Some Ordinances Should Stay Dusty

It’s been busy, and the courts haven’t provided much material for posts in the last two months.  I have a minute now, though, so it’s time to discuss the story on the front page of last Thursday’s Pioneer Press telling us about Lake Elmo’s plans to enforce a ban on “non-local produce, ” apparently including Christmas trees.  The way the news stories present it, Lake Elmo has an ordinance banning the sale of non-Lake Elmo produce, which has been on the books since 1980 but has been overlooked for the last 29 years.  City officials appear in the story making blatantly protectionist statements.  Having been awakened to the issue by a request to expand a parking area, the City plans to put the restriction into play starting Jan. 1.

The news stories don’t mention this, but it’s not even remotely legal for Lake Elmo to establish a trade restriction like that.  The Christmas trees of at least one of the sellers quoted come to his Lake Elmo location from Wisconsin.  Two words: “interstate commerce.”  The State doesn’t have the power to make this sort of regulation, so it’s a safe bet that Lake Elmo also lacks that authority. 
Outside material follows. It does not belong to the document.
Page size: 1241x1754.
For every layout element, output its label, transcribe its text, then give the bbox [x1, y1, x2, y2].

Of course, the “Lake Elmo ordinance” isn’t a blatant standalone trade restriction.  It’s a wrinkle in its zoning code.  In some of its agricultural districts, Lake Elmo allows “Agricultural Sales Businesses” as a permitted use.  Flip back to the beginning of their code book, and you’ll find “Agrigultural Sales Business” defined:

AGRICULTURAL SALES BUSINESS.  The retail sale of fresh fruits, vegetables, flowers, herbs, trees, or other agricultural, floricultural, or horticultural products produced on the premises.  The operation may be indoors or outdoors, include pick-your-own opportunities, and may involve accessory sales of unprocessed foodstuffs; home processed food products such as jams, jellies, pickles, sauces; or baked goods and homemade handicrafts.  The floor area devoted to the sale of accessory items shall not exceed 25% of the total floor area.  No commercially packaged handicrafts or commercially processed or packaged foodstuffs shall be sold as accessory items.  No activities other than the sale of goods as outlined above shall be allowed as part of the AGRICULTURAL SALES BUSINESS.
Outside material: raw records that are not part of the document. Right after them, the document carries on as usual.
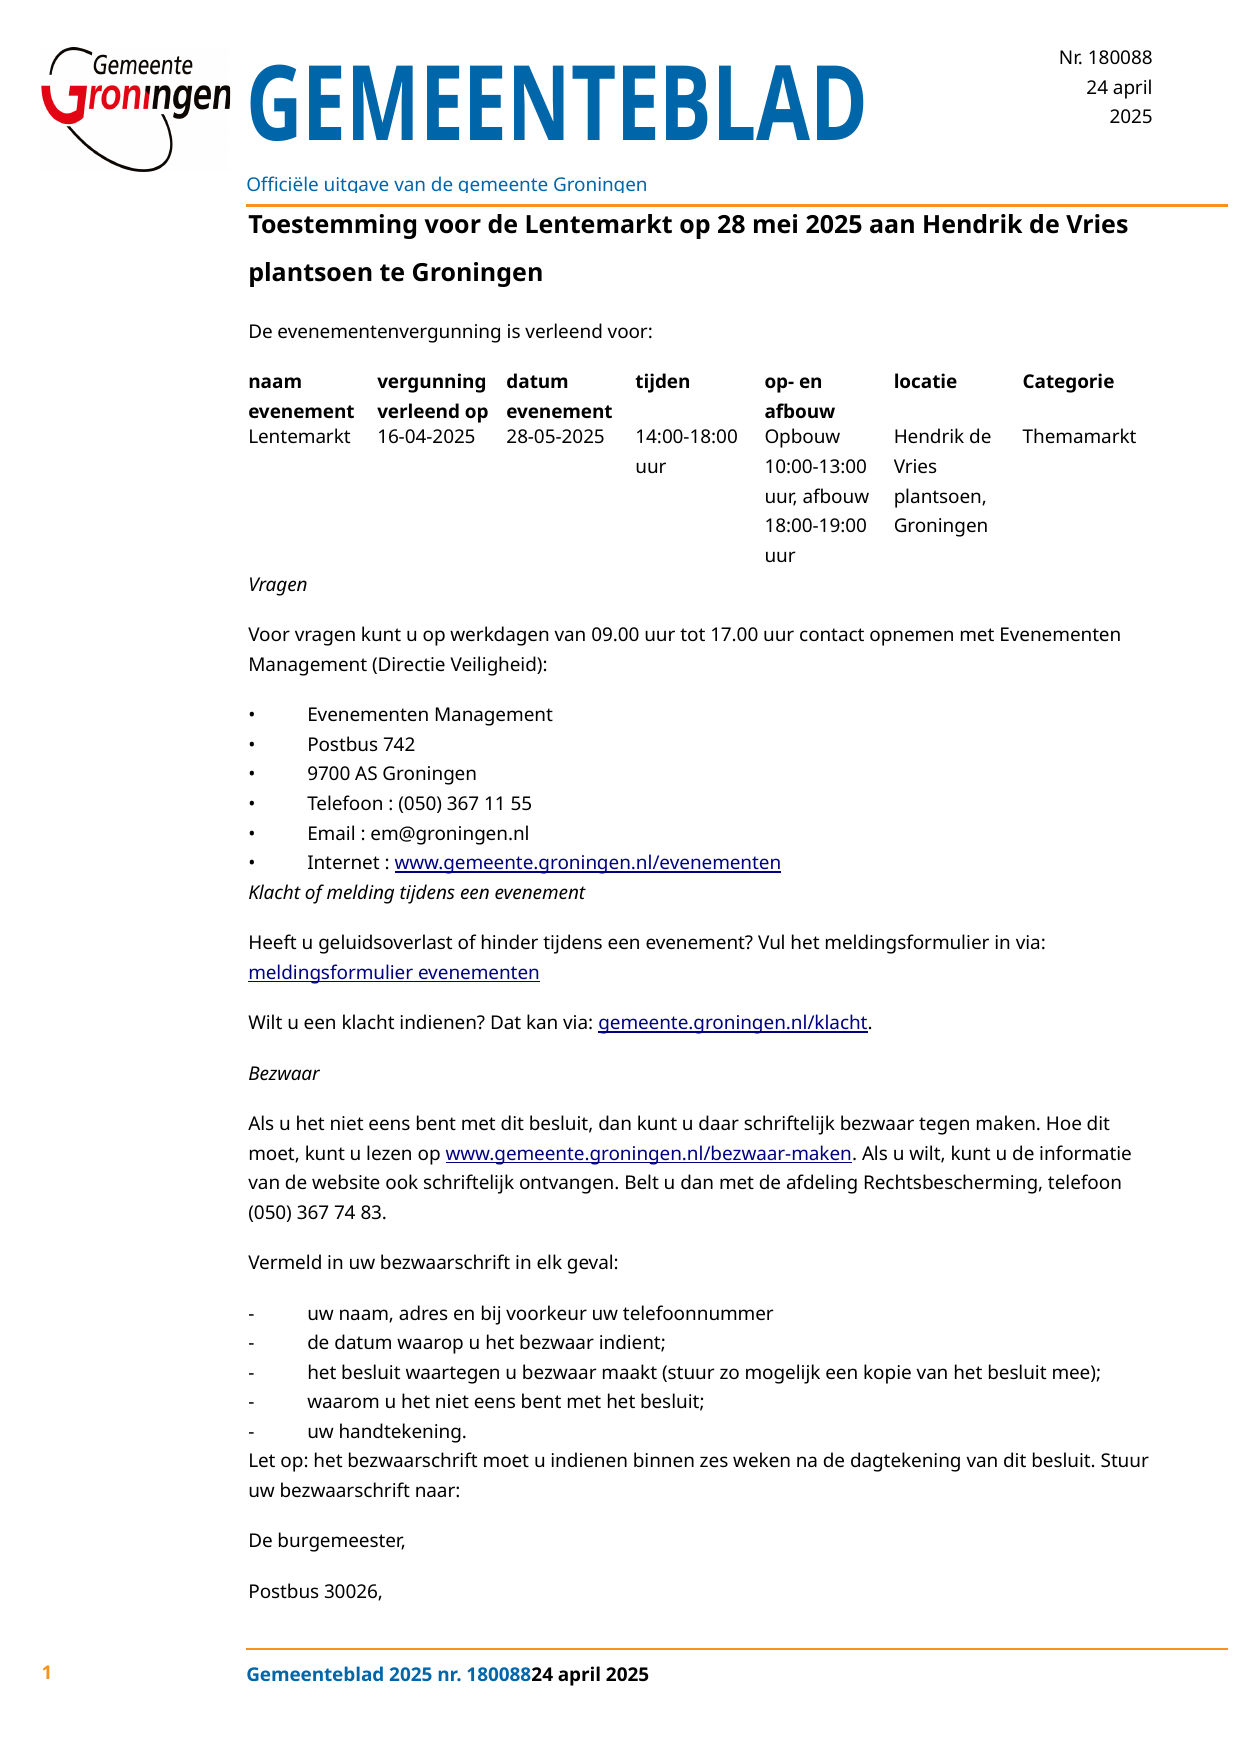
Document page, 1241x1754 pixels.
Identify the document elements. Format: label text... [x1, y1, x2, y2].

table_cell Hendrik de Vries plantsoen, Groningen [894, 424, 1022, 568]
list uw handtekening. [248, 1418, 1152, 1444]
text Vermeld in uw bezwaarschrift in elk geval: [248, 1249, 1152, 1275]
text Als u het niet eens bent met dit besluit, dan kunt u daar schriftelijk bezwaar tegen maken. Hoe dit moet, kunt u lezen op www.gemeente.groningen.nl/bezwaar-maken. Als u wilt, kunt u de informatie van de website ook schriftelijk ontvangen. Belt u dan met de afdeling Rechtsbescherming, telefoon (050) 367 74 83. [248, 1110, 1152, 1225]
table_header naam evenement [248, 369, 377, 424]
table_cell 28-05-2025 [506, 424, 635, 568]
text Heeft u geluidsoverlast of hinder tijdens een evenement? Vul het meldingsformulier in via: meldingsformulier evenementen [248, 929, 1152, 985]
text Let op: het bezwaarschrift moet u indienen binnen zes weken na de dagtekening van dit besluit. Stuur uw bezwaarschrift naar: [248, 1448, 1152, 1503]
text Postbus 30026, [248, 1578, 1152, 1604]
list Email : em@groningen.nl [248, 820, 1152, 846]
list waarom u het niet eens bent met het besluit; [248, 1388, 1152, 1414]
list uw naam, adres en bij voorkeur uw telefoonnummer [248, 1300, 1152, 1326]
text Vragen [248, 571, 1152, 597]
table_header datum evenement [506, 369, 635, 424]
table_header Categorie [1023, 369, 1152, 424]
list 9700 AS Groningen [248, 761, 1152, 786]
list de datum waarop u het bezwaar indient; [248, 1329, 1152, 1355]
table_header tijden [635, 369, 764, 424]
table_header vergunning verleend op [377, 369, 506, 424]
table_cell 14:00-18:00 uur [635, 424, 764, 568]
text Klacht of melding tijdens een evenement [248, 879, 1152, 905]
text De burgemeester, [248, 1528, 1152, 1553]
list het besluit waartegen u bezwaar maakt (stuur zo mogelijk een kopie van het besluit mee); [248, 1359, 1152, 1385]
text Wilt u een klacht indienen? Dat kan via: gemeente.groningen.nl/klacht. [248, 1009, 1152, 1035]
table_cell Opbouw 10:00-13:00 uur, afbouw 18:00-19:00 uur [764, 424, 893, 568]
table_cell 16-04-2025 [377, 424, 506, 568]
table_header op- en afbouw [764, 369, 893, 424]
table_header locatie [894, 369, 1022, 424]
list Telefoon : (050) 367 11 55 [248, 790, 1152, 816]
text Voor vragen kunt u op werkdagen van 09.00 uur tot 17.00 uur contact opnemen met Evenementen Management (Directie Veiligheid): [248, 621, 1152, 677]
text Toestemming voor de Lentemarkt op 28 mei 2025 aan Hendrik de Vries plantsoen te Groningen [248, 207, 1152, 288]
list Postbus 742 [248, 731, 1152, 757]
picture [41, 47, 231, 172]
text De evenementenvergunning is verleend voor: [248, 318, 1152, 344]
table_cell Lentemarkt [248, 424, 377, 568]
list Internet : www.gemeente.groningen.nl/evenementen [248, 849, 1152, 875]
list Evenementen Management [248, 701, 1152, 727]
table_cell Themamarkt [1023, 424, 1152, 568]
text Bezwaar [248, 1060, 1152, 1086]

So the reality is that Lake Elmo has an ordinance on the books preventing importation of product from any source, not just banning “foreign” products while allowing free trade in Lake Elmo-grown produce.  So the problem is not that some of these tree re-sellers are bringing in the wrong product, it’s that they shouldn’t be in business at all.  Given how long some of these businesses appear to have been in place, there will be problems.  First, there’s non-conforming use protections: the farm featured in the article is described as “34-year-old,” pre-dating the ordinance.  If it was perfectly legal to sell imported trees in 1979, and this farm was doing that, it really doesn’t matter what Lake Elmo’s zoning code says today.  Then, there’s what might come up in the name of compromise: at the end of the article, a City official throws out the idea of a new license for selling imported products, or a percentage cap on non-local product.  These proposals are straight trade regulations which the City lack the power to enact.  The commerce issue remains a threat even without a compromise, since the definition really only distinguishes between “legal” ag sales businesses and “illegal” ones on the source of their merchandise.  And since Minnesota farmers already have a state constitutional right to sell the produce of their own farm without a license of any kind, the only places that will require a license are the importers.  There doesn’t appear to be an easy way out of this – either eliminate the requirement, or drive out anyone importing produce.  The title gives away my opinion, of course, but that’s the question facing Lake Elmo officials.